The disconnect was enough for U.S. District Judge William H. Orrick to deem the government’s approach “schizophrenic.”
Orrick cited the comments of Trump, Sessions and Spicer when he issued an injunction on April 25 in the Northern District of California that stopped the Trump administration from implementing the order nationwide.
“Is the Order merely a rhetorical device, as counsel suggested at the hearing, or a ‘weapon’ to defund the Counties and those who have implemented a different law enforcement strategy than the Government currently believes is desirable?” Orrick wrote.
Orrick pointed out in the injunction that the Justice Department argued the order only applies to three grants that it could already enforce under existing law — but that the plain language of the order is so broad as to address all federal funding.

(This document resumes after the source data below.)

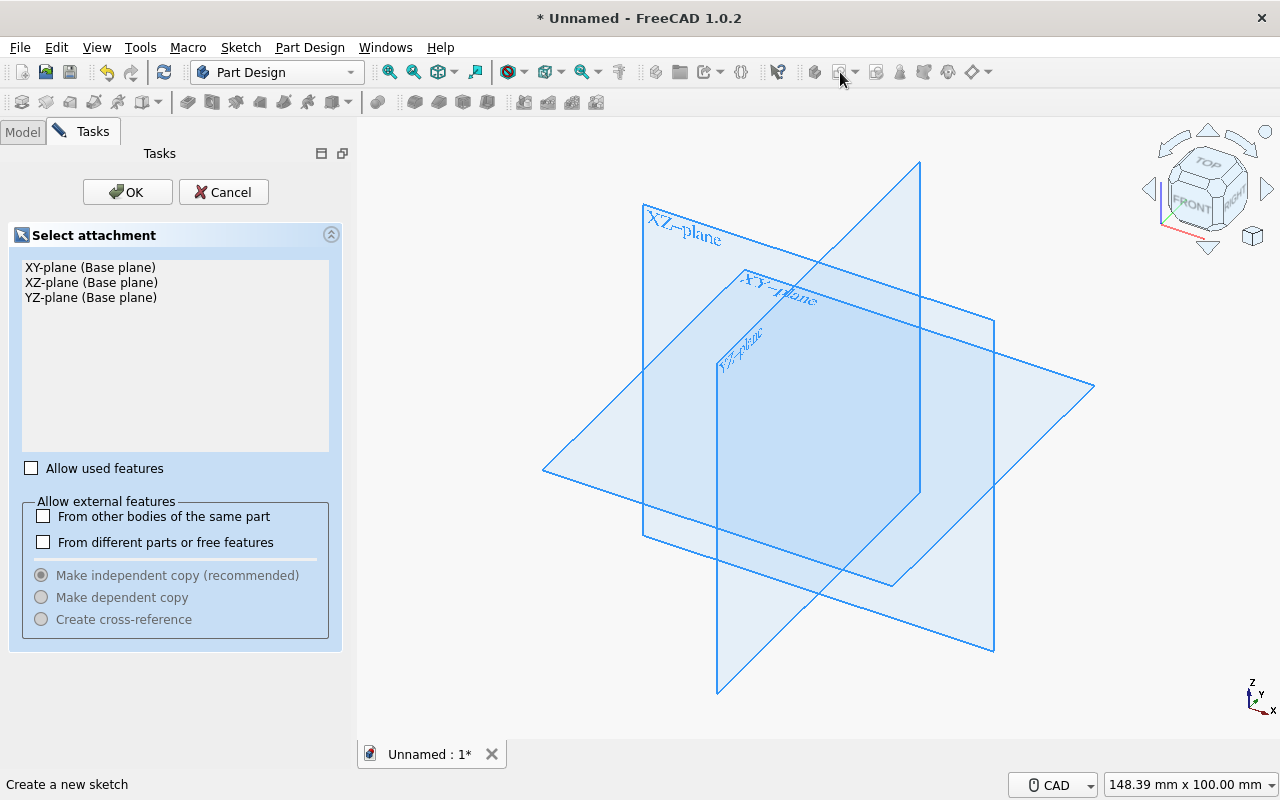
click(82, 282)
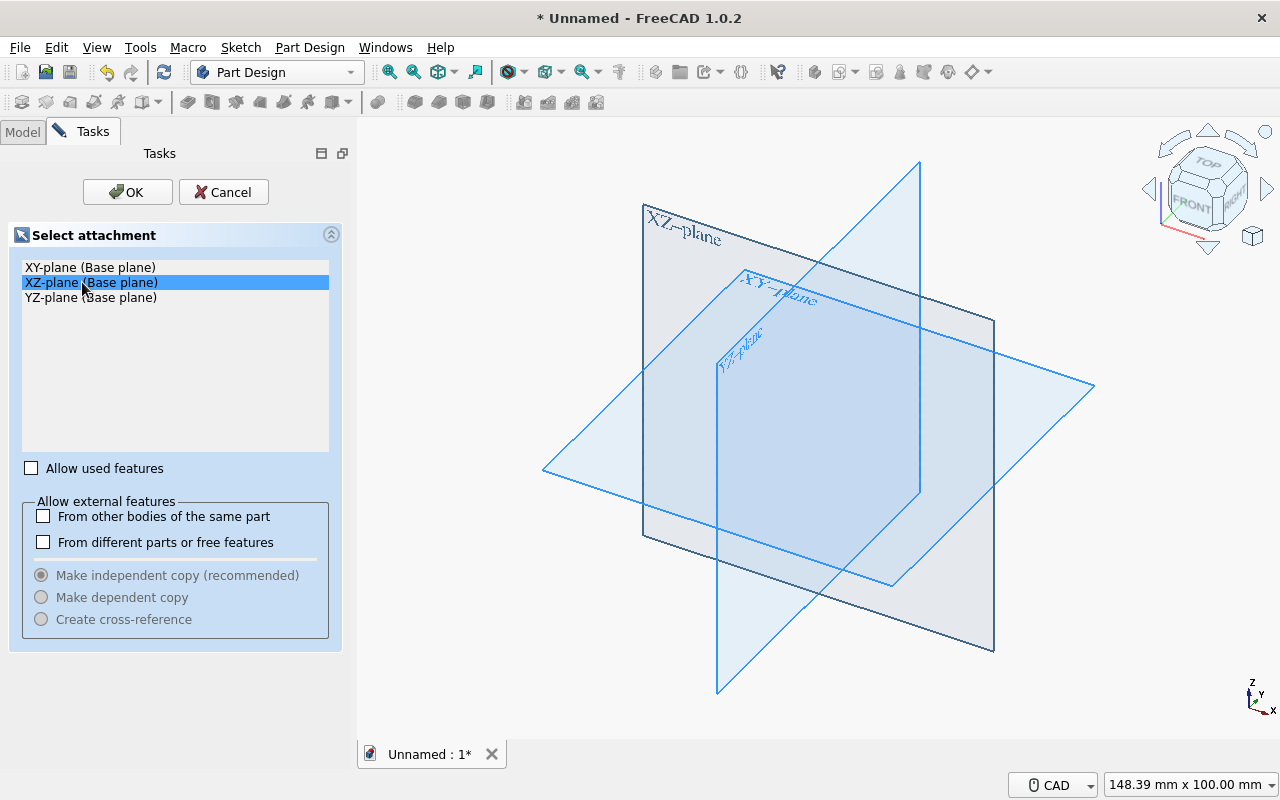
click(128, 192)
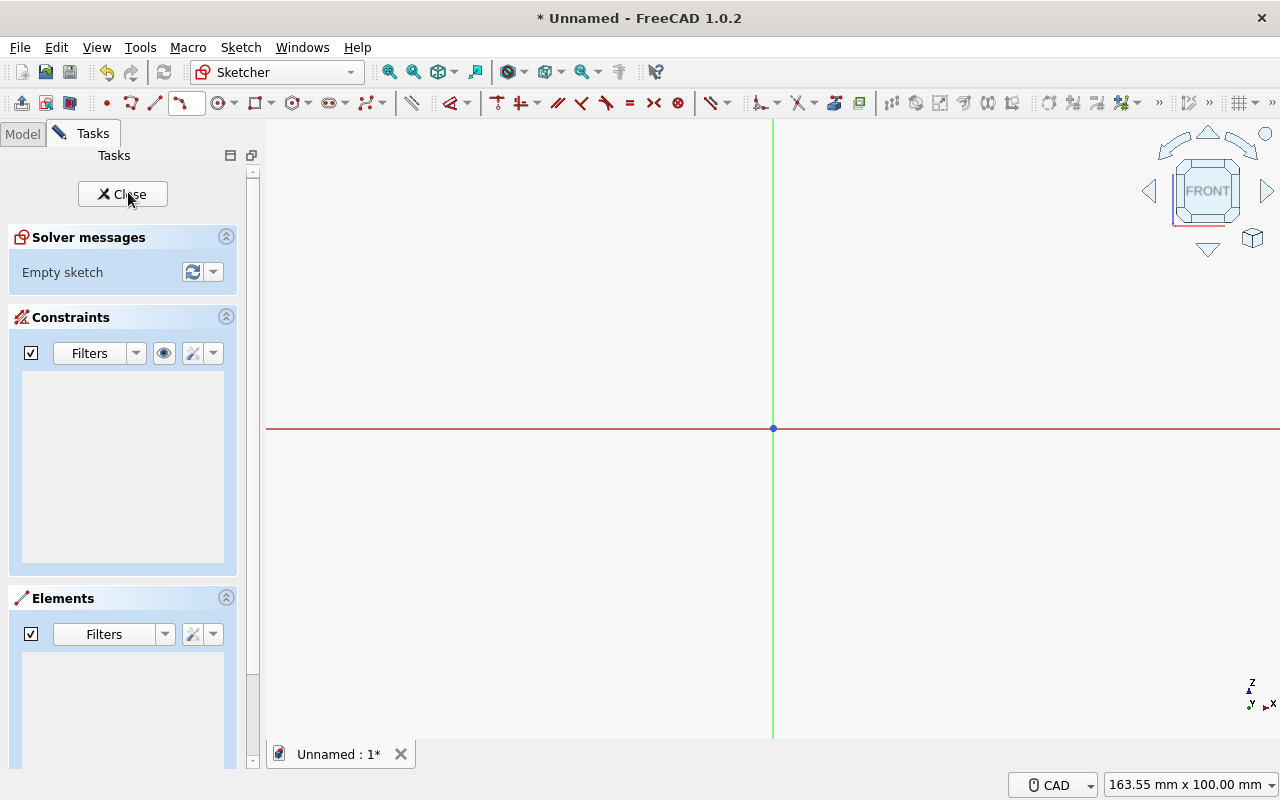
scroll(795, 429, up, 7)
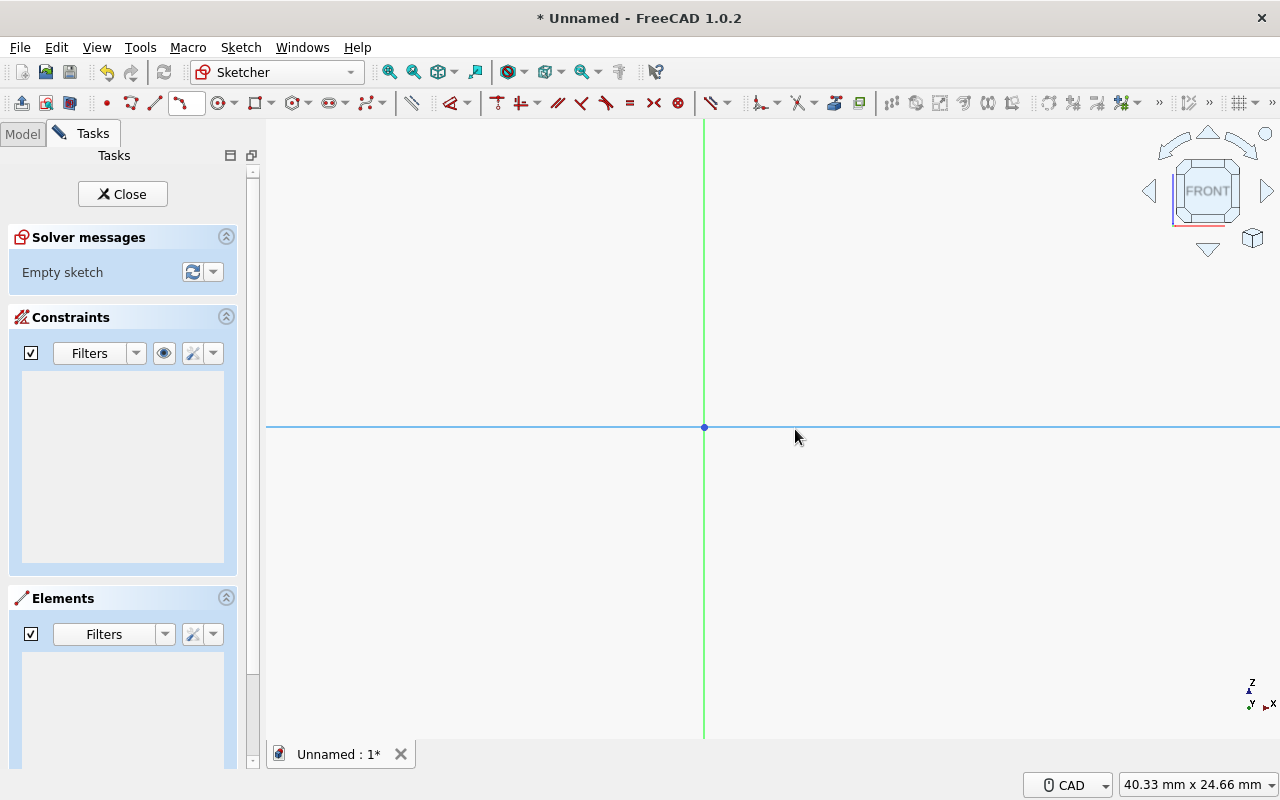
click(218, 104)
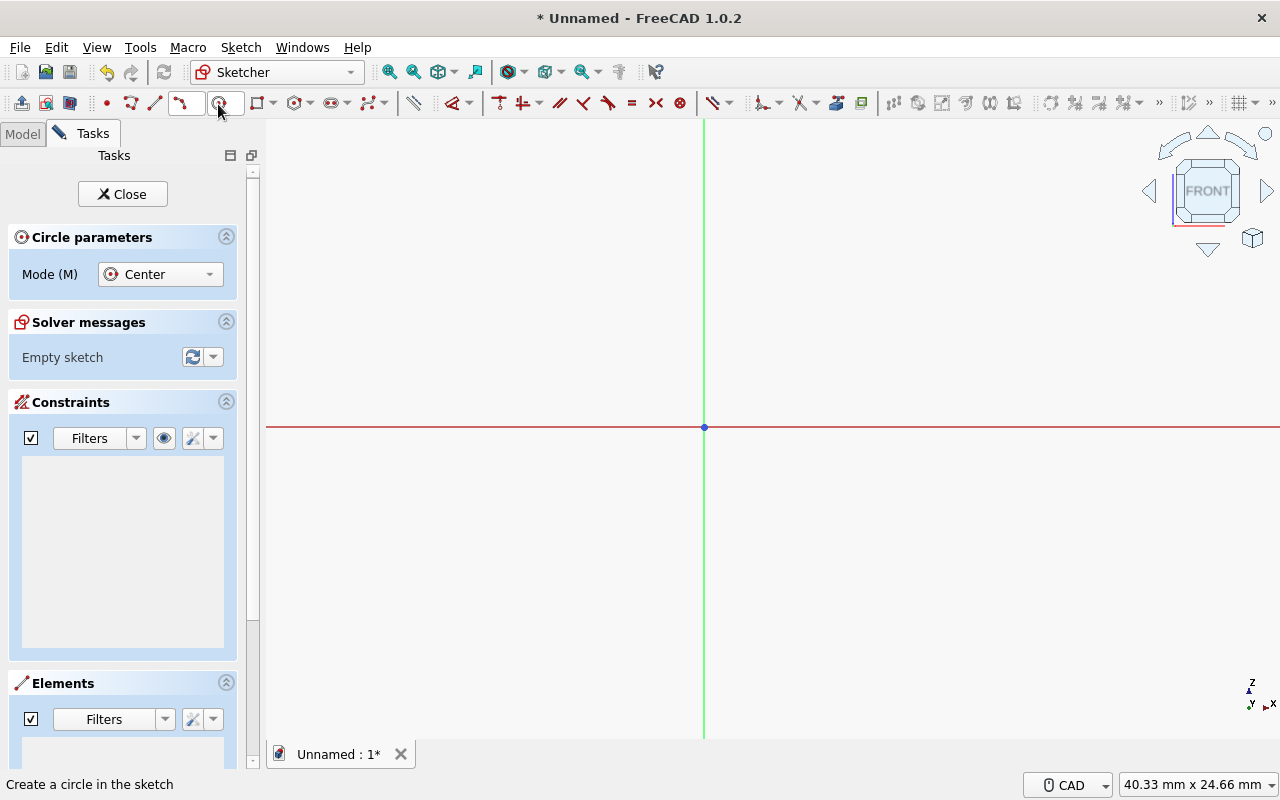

While the Justice Department disavowed any right to stop the billions of dollars San Francisco and Santa Clara County receives each year, Orrick wrote, “if there was doubt about the scope of the Order, the President and Attorney General have erased it with their public comments.”
Trump and his administration trumpet the executive orders as fulfilling campaign promises to get tough on immigration enforcement.
Four days before the injunction, the Justice Department sent letters to nine jurisdictions requesting validation of compliance with federal immigration laws or risk grant money. There would be no nationwide injunction had the administration simply sent out the letters instead of Trump issuing an executive order, said Josh Blackman, a professor at the South Texas College of Law in Houston.
And there’s a parallel to the Trump administration’s ban on U.S. entry for refugees and certain immigrants and travelers from Muslim-majority nations, Blackman wrote on his blog. Federal judges have stopped implementation of the travel ban as well, and cited the comments of Trump and administration officials in their orders.
“Had President Trump quietly instructed his State Department officials to quietly put on hold any visa application from these countries, and to suspend specific visas of individuals from these nations, without the dramatic flare of an executive order, there would not have been a nationwide injunction,” Blackman wrote.
“This early bravado has, in no small part, led to defeat after defeat in court,” he wrote.
There are other signs that Trump and the government lawyers representing him in court aren’t on the same page.
Trump took to Twitter on April 26 to complain that the travel ban and sanctuary cases were brought in the jurisdiction of the U.S. Court of Appeals for the 9th Circuit. “They used to call this ‘judge shopping!’ Messy system,” the president wrote.
But the previous day, Justice Department lawyers defending a separate challenge to the sanctuary jurisdiction order by the city of Richmond, California, agreed it was proper to bring that case in the Northern District of California.